12:55 AM CDT on Saturday, October 31, 2009

The state Higher Education Coordinating Board has approved the University of North Texas’ plans for a new football stadium, and the boys in the athletic complex have broken out the sparkling Gatorade.

Board approval was the last hurdle for the $78 million project, and now that it has been jumped, construction should begin on the new stadium next month, with completion in time for the 2011 season. Let the naming-rights bidding war begin.

We have favored the construction of a new stadium for one reason and one reason only: Fouts Field is a wreck.

If the university wants to continue playing football at the major-college level — and there is no indication that it doesn’t — the 57-year-old Fouts Field has to be replaced. It is a bedraggled eyesore that is beyond renovation.

That said, we have been less than gratified at the way the university has proceeded — and continues to proceed — in furthering the project, and we need to get these quibbles off our chest before assuming our seat as second-chair trombone on the stadium bandwagon.

We are not expert in the arcane art of public relations — our talents run more to alienating people than making them love us — but we cannot help but believe some of the selling points for the project trumpeted by UNT were pretty thin gruel.

When a tiny percentage of the UNT student body turned out to approve a $10-per-semester-hour student fee to help pay for the stadium, UNT officials seemed perfectly willing for people to believe that a majority of the university’s 30,000-plus students had volunteered to pony up for the new stadium.

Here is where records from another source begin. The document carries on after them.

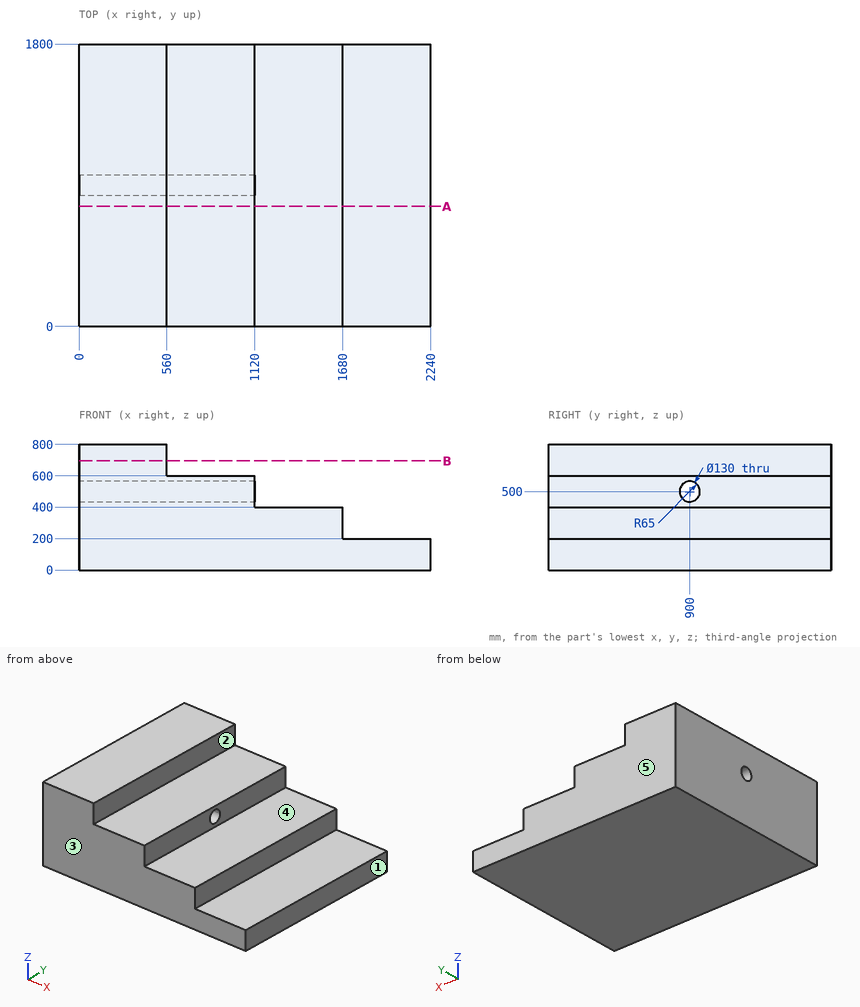
Print and shaded views of the part. All mm, measured from the part's lowest x, y and z. A direction names the side the tool comes from. Round coordinates to 2 decimals unless told otherwise and drop trailing zeros. Write each loop counter-clockwise with the first axis right and the second up, starting at its lowest first coordinate (ties: lowest second). Pieces come first, ordered by that corner, then holes. Notation, with made-up numbers: (-20, -39) - (-16, -39) arc R20 ccw to (-16, -28) - close; hole circle Ø5 at (77.5, -8.75). An arc over 180 degrees is marked (long way). Use CSV: the item, a comma, the result in double quotes. Start each with the question number.
Item 1: Band-saw the part on A-A (y = 766). Write the cut outline in (x, z).
Item 2: Two-plate mould, pull along Y, no slides. Class the marked faces 3, 4 and 5: released by +Y, released by -Y, zero draft, split by the parting line, or undercut.
Item 3: Band-saw the part on B-B (z = 696). Write the cut outline in (x, y).
Item 4: Pin check, flat tips, straight feed: P1, Ø1, axis at y = 786, z = 556.5, coming from the +X side; P2, Ø10, axis at x = 859, y = 760, coming from the +Z side; P3, Ø3, axis at y = 311.5, z = 189, coming from the -X side. Stop position of each tip, or through.
Item 5: Drill centre lines: L1, parallel to Z at x = 714.5, y = 900; L2, parallel to Y at x = 389, z = 500; L3, parallel to X at y = 81, z = 533. Where is each one in solid material? Low to high. Write a range as [from, to].
Item 6: Tool access for the marked faces 1 and 2: list every direction of +Z, -Z, +X, -X, +Y, -Y with a clear straight run to the whole face (end or side of a thin tool).
Checked values:
1,outline,"(0, 0) - (2240, 0) - (2240, 200) - (1680, 200) - (1680, 400) - (1120, 400) - (1120, 600) - (560, 600) - (560, 800) - (0, 800) - close"
2,face 3,"released by -Y"
2,face 4,"zero draft"
2,face 5,"released by +Y"
3,outline,"(0, 0) - (560, 0) - (560, 1800) - (0, 1800) - close"
4,P1,"stops at x = 1120"
4,P2,"stops at z = 600"
4,P3,"stops at x = 0"
5,L1,"z = [0, 435], [565, 600]"
5,L2,"y = [0, 835], [965, 1800]"
5,L3,"x = [0, 1120]"
6,face 1,"+Z, -Z, +X, +Y, -Y"
6,face 2,"+Z, +X, +Y, -Y"
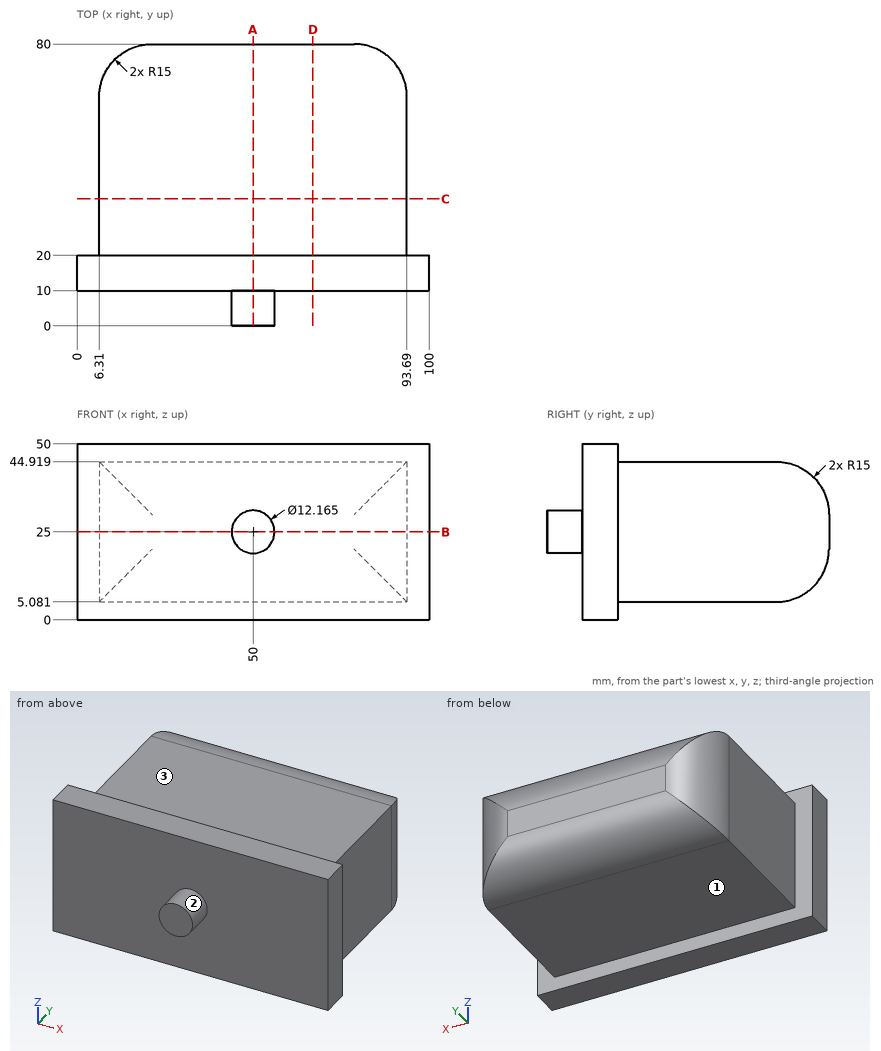
The figure shows three views and two pictorial views of one solid part (mm, origin at its lowest corner). Answer the questions. A direction names the side the tool comes from. Round coordinates to 2 decimals unless told otherwise and drop trailing zeros. Loops run counter-clockwise (first coordinate to the right, second up) from the corner with the lowest first, then second, coordinate; pieces in that order, holes last. Notation, with made-up numbers: (54, -23.5) - (112, -23.5) arc R22 ccw to (112, 0.5) - close; hole circle Ø3 at (34.25, -7). An arc over 180 degrees is marked (long way). One line per question, with ' | ' between items. Start each with the question number.
Q1. Section C-C on y = 36 is taken. Give the vertices of the cut face in (x, z), plus the area to 3 significant figures.
Q2. Section B-B on z = 25 is taken. Give the vertices of the cut face in (x, y).
Q3. Section D-D on x = 67 is taken. Give the vertices of the cut face in (y, z), plus the area to 3 significant figures.
Q4. Flat-ended cylindrical pins translate along their axes: pin 1 (8 mm diameter, centred on x = 30, y = 68, fed in from -Z); pin 2 (6 mm diameter, centred on y = 65.5, z = 38.5, fed in from +X); pin 3 (6 mm diameter, centred on x = 23, y = 58, fed in from +Z). Find the tip coordinate at first contact, or state that the pin passes through.
Q5. Section A-A on x = 50 is taken. Give the vertices of the cut face in (y, z), plus the area to 3 significant figures.
Q6. For the marked faces 1, 2 and 3, determine the directions among +Z, -Z, +X, -X, +Y, -Y from which every point of the face is accessible in a straight line to the end or side of a thin tool.
Q7. Find the intervals of material crossed by L1, parallel to X at y = 33, z = 20; L2, parallel to Y at x = 60.5, z = 26; L3, parallel to Z at x = 81, y = 40.5, in increasing order.
Established:
1) outline: (6.31, 5.08) - (93.69, 5.08) - (93.69, 44.92) - (6.31, 44.92) - close | area: 3,480 mm²
2) outline: (0, 10) - (43.92, 10) - (43.92, 0) - (56.08, 0) - (56.08, 10) - (100, 10) - (100, 20) - (93.69, 20) - (93.69, 65) arc R15 ccw to (78.69, 80) - (21.31, 80) arc R15 ccw to (6.31, 65) - (6.31, 20) - (0, 20) - close
3) outline: (10, 0) - (20, 0) - (20, 5.08) - (65, 5.08) arc R15 ccw to (80, 20.08) - (80, 29.92) arc R15 ccw to (65, 44.92) - (20, 44.92) - (20, 50) - (10, 50) - close | area: 2,790 mm²
4) pin 1: z = 5.08 | pin 2: x = 93.69 | pin 3: z = 44.92
5) outline: (0, 18.92) - (10, 18.92) - (10, 0) - (20, 0) - (20, 5.08) - (65, 5.08) arc R15 ccw to (80, 20.08) - (80, 29.92) arc R15 ccw to (65, 44.92) - (20, 44.92) - (20, 50) - (10, 50) - (10, 31.08) - (0, 31.08) - close | area: 2,920 mm²
6) face 1: -Z, +X, -X, +Y | face 2: -Y | face 3: +Z, +X, -X, +Y
7) L1: 6.31 to 93.69 | L2: 10 to 80 | L3: 5.08 to 44.92
Read the model definition and answer for the solid it produces. Units are mm, in the model's axes. A direction names the side the tool comes from. Round coordinates to 2 decimals unless told otherwise and drop trailing zeros. Write each loop counter-clockwise with the first axis right and the second up, starting at its lowest first coordinate (ties: lowest second). Pieces come first, ordered by that corner, then holes. Notation, with made-up numbers: (5, -19.75) -> (12, -19.75) arc R31 ccw to (12, 10.25) -> close; hole circle Ø1 at (5, -16.5). An arc over 180 degrees is marked (long way). Return JSON: item names as keys, results as strings. Group by question number.
(1) A cutting plane is placed at A-A on z = -22. Give the vertices of the cut face in (x, y) (3 decimals), then the cut area to 3 significant figures.
(2) Straight lines are drawn through the part: line 1 (Y direction, x = 2.6, z = -17) (3 decimals); line 2 (Y direction, x = 1.5, z = -31) (3 decimals); line 3 (Z direction, x = 0.35, y = 10.5). For each, find the intervals that lie inside material, in ascending order.
(3) Given pin 1 (1 mm diameter, centred on x = 2, y = 1.5, fed in from +Z); pin 2 (1 mm diameter, centred on x = 2, z = -66.5, fed in from -Y) (3 decimals); pin 3 (1.6 mm diameter, centred on x = 1.5, y = 30.5, fed in from +Z), each flat-ended and moving along its own axis, determine where each tip first touches the part or whether it passes through.
(4) A cutting plane is placed at B-B on y = 22.5. State how many separate pieces and enclosed holes the cut face has, then the cut area to 3 significant figures.
(5) A cutting plane is placed at C-C on y = 43.5. Give the vertices of the cut face in (x, z) (3 decimals).
(6) The mould has two halves that part along Y. Classify faces 1 (the flat face through (1.57, 27.06, -76.47)), 2 (the flat face through (0, 25, -50)), 3 (the flat face through (2, 20.675, -21)): released by +Y, released by -Y, zero draft, split by the parting line, or undercut.
(7) A cutting plane is placed at D-D on y = 52.5. Give the vertices of the cut face in (x, z) (3 decimals).
(8) For faces 4 (the flat face through (2, 29, -15.325)), 5 (the flat face through (1.6, 51.6, -85.4)), 6 (the flat face through (2, 45.958, -42)), determine the directions among +Z, -Z, +X, -X, +Y, -Y from which every point of the face is accessible in a straight line to the end or side of a thin tool.
```python
from build123d import *

# Parameters (mm, degrees)
BOSS_EXTRUDE1_DEPTH = 3.175
SKETCH2_W           = 27.85
SKETCH2_H           = 35.791497658
CUT_EXTRUDE1_DEPTH  = 4.1750001
SKETCH3_W           = 10.508
SKETCH3_H           = 3.175
BOSS_EXTRUDE2_DEPTH = 3.175
SKETCH4_W           = 22.5
SKETCH4_H           = 3.175
CUT_EXTRUDE2_DEPTH  = 4.1750001
SKETCH5_W           = 39.932212354
SKETCH5_H           = 4.644211625
CUT_EXTRUDE3_DEPTH  = 10


with BuildPart() as part:
    # Sketch1 → Boss-Extrude1 (new body)
    with BuildSketch(Plane(origin=(0, 0, 0), x_dir=(0, 0, -1), z_dir=(1, 0, 0))):
        with BuildLine():
            Line((0, 0), (70, 0))
            Line((70, 0), (90.5212086, 56.381557247))
            add(Edge.make_bspline(
                [(-11.490666647, 9.641814145), (19.4560829, 46.522714097), (48.01605029, 71.852169675), (90.5212086, 56.381557247)],
                knots=[0, 0, 0, 0, 1, 1, 1, 1], degree=3))
            Line((-11.490666647, 9.641814145), (0, 0))
        make_face()
    extrude(amount=BOSS_EXTRUDE1_DEPTH)

    # Sketch2 → Cut-Extrude1 (cut, through all)
    with BuildSketch(Plane.ZY):
        with Locations((-29.25, 38.570748829)):
            Rectangle(SKETCH2_W, SKETCH2_H)
    extrude(amount=-CUT_EXTRUDE1_DEPTH, mode=Mode.SUBTRACT)

    # Sketch3 → Boss-Extrude2 (add)
    with BuildSketch(Plane.ZY):
        Polygon((-43.175, 56.466497658), (-43.175, 45.958497658), (-40.79375, 45.958497658), align=None)
        with Locations((-31.35, 22.2625)):
            Rectangle(SKETCH3_W, SKETCH3_H)
    extrude(amount=-BOSS_EXTRUDE2_DEPTH)

    # Sketch4 → Cut-Extrude2 (cut, through all)
    with BuildSketch(Plane.ZY):
        Polygon((-83.262432737, 45.721313442), (-86.245956808, 44.635399487), (-90.5212086, 56.381557247), (-87.537684529, 57.467471202), align=None)
        Polygon((-79.842231304, 36.324387235), (-73.001828437, 17.530534819), (-75.985352508, 16.444620864), (-82.825755375, 35.238473279), align=None)
        Polygon((-72.565151075, 7.047694656), (-70, 0), (-62.5, 0), (-62.5, 3.175), (-67.776841066, 3.175), (-69.581627004, 8.133608611), align=None)
        with Locations((-36.25, 1.5875)):
            Rectangle(SKETCH4_W, SKETCH4_H)
        Polygon((-10, 3.175), (-10, 0), (0, 0), (5.745333323, 4.820907073), (3.704482663, 7.25309818), (-1.155605494, 3.175), align=None)
    extrude(amount=-CUT_EXTRUDE2_DEPTH, mode=Mode.SUBTRACT)

    # Sketch5 → Cut-Extrude3 (cut)
    with BuildSketch(Plane.ZY):
        with Locations((-35.043485806, 11.047370883)):
            Rectangle(SKETCH5_W, SKETCH5_H)
    extrude(amount=-CUT_EXTRUDE3_DEPTH, mode=Mode.SUBTRACT)


solid = part.part
```
Checks:
{
 "1": {"outline": "(0, 0) -> (3.175, 0) -> (3.175, 8.725) -> (0, 8.725) -> close; (0, 13.369) -> (3.175, 13.369) -> (3.175, 20.675) -> (0, 20.675) -> close", "area": "50.9 mm^2"},
 "2": {"line 1": "y = 0 to 8.725, 13.369 to 20.675", "line 2": "y = 3.175 to 8.725, 13.369 to 23.85", "line 3": "z = -73.82 to -55.01, -15.08 to 10.77"},
 "3": {"pin 1": "stops at z = -10", "pin 2": "stops at y = 3.175", "pin 3": "stops at z = -6.48"},
 "4": {"separate pieces": "3", "enclosed holes": "0", "area": "183 mm^2"},
 "5": {"outline": "(0, -85.833) -> (3.175, -85.833) -> (3.175, -43.175) -> (0, -43.175) -> close"},
 "6": {"face 1": "undercut", "face 2": "zero draft", "face 3": "released by +Y"},
 "7": {"outline": "(0, -85.73) -> (3.175, -85.73) -> (3.175, -42.276) -> (0, -42.276) -> close"},
 "8": {"face 4": "+X, -X, +Y", "face 5": "-Z, +X, -X", "face 6": "+Z, +X, -X"}
}
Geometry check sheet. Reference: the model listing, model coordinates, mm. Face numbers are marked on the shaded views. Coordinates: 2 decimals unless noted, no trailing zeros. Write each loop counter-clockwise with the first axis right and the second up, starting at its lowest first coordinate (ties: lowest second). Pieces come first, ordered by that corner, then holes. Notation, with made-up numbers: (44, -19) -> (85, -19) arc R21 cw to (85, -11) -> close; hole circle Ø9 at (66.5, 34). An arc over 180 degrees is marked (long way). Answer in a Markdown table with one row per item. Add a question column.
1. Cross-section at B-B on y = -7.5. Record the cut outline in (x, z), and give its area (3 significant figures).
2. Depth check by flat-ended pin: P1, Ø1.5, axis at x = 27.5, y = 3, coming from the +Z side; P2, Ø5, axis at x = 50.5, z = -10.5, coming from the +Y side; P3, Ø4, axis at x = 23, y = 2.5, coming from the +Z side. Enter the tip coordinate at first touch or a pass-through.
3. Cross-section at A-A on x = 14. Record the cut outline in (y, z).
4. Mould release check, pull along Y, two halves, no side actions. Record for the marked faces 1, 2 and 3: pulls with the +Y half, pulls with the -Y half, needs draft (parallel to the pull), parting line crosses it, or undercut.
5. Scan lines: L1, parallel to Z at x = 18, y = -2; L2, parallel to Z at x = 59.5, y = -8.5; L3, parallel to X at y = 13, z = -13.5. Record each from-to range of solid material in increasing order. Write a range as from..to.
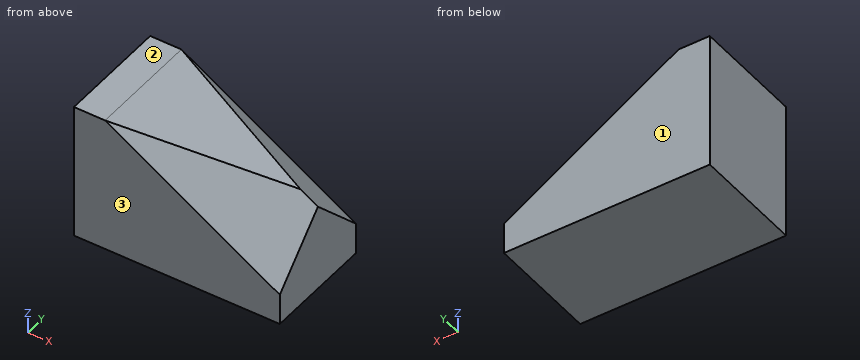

In point of fact, only about 10 percent of the student body turned out for the election, and we’d bet that most of them were fully aware that they weren’t voting to raise their own fees, but the fees of students who would be arriving on the campus after the stadium is completed.

The vote was not exactly the selfless vote of enthusiasm that some stadium boosters portrayed it.

Second, UNT President Gretchen Bataille said several times — once before the editorial board of this newspaper — that a “great” athletic program was an absolute requirement for a “great” university, instantly relegating such schools as Harvard, Columbia, MIT and Cal Tech to the bush leagues of higher education. We really don’t think she believes that, and we wish she hadn’t said it repeatedly.

And UNT has stumbled a couple of times in its attempts to mollify residents who live near the site where the new stadium will be built.

Many of those residents are understandably concerned with how the stadium will impact the traffic in their neighborhoods, and the folks from UNT have not always responded in reassuring ways.

At a meeting in August, Dr. Bataille expressed surprise that the neighborhood residents were concerned about traffic.

“Traffic is Texas,” she said, and many residents thought that was a flippant dismissal of their concerns.

Another UNT official reportedly advised residents to simply stay at home on game days, another suggestion that didn’t go down well.

Well, we have a suggestion for UNT — and for the city government of Denton, which will play a big role in deciding how traffic will flow into and out of the new stadium’s parking lot once the games begin in 2011: Listen carefully to those residents, even the ones who sound unfriendly and unreasonable.

They are your neighbors (in UNT’s case) and your constituents (in the city government’s case).

Routes going to and from the new stadium should be chosen not just for the university’s convenience, but for the convenience and safety of the residents who live there.

We all live with the knowledge that governments (and in this case, a university) have the power to inconvenience people to a reasonable degree. That doesn’t mean they should do it with impunity.

The degree to which such institutions temper that power is the means by which we measure our respect for them.